▶ **What is needed**
With the images left out, print all of the records below exactly.

▶ **Data extract**
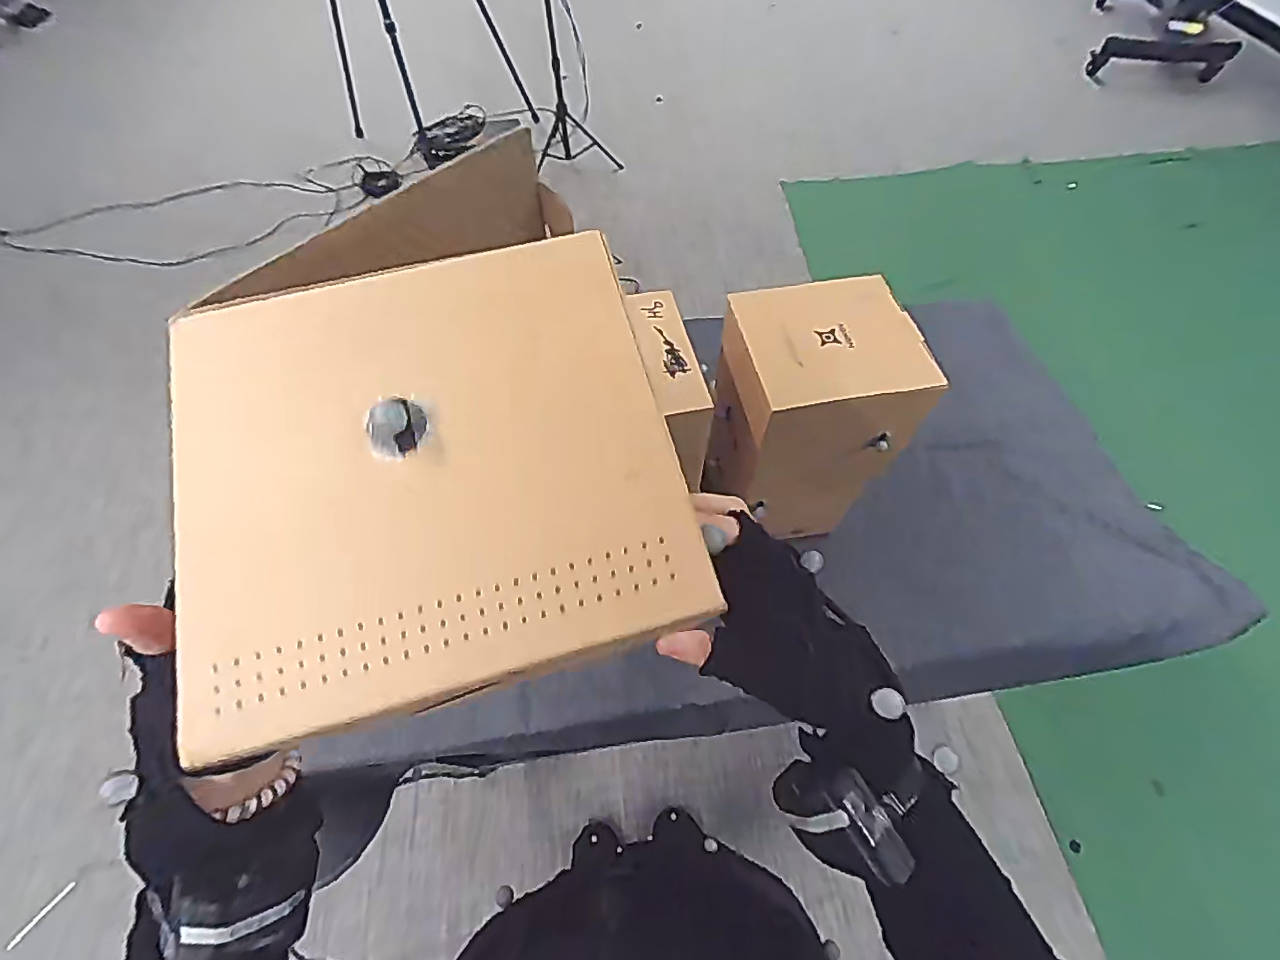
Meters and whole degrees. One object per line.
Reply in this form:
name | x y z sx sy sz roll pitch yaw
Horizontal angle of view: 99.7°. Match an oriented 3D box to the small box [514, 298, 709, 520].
small box | -0.031 -0.072 0.609 0.179 0.176 0.168 -12 60 -5

▶ **Your solution**
Meters and whole degrees. One object per line.
Reply in this form:
name | x y z sx sy sz roll pitch yaw
Horizontal angle of view: 99.7°. Match an oriented 3D box to the small box [514, 298, 709, 520].
small box | -0.031 -0.072 0.609 0.179 0.176 0.168 -12 60 -5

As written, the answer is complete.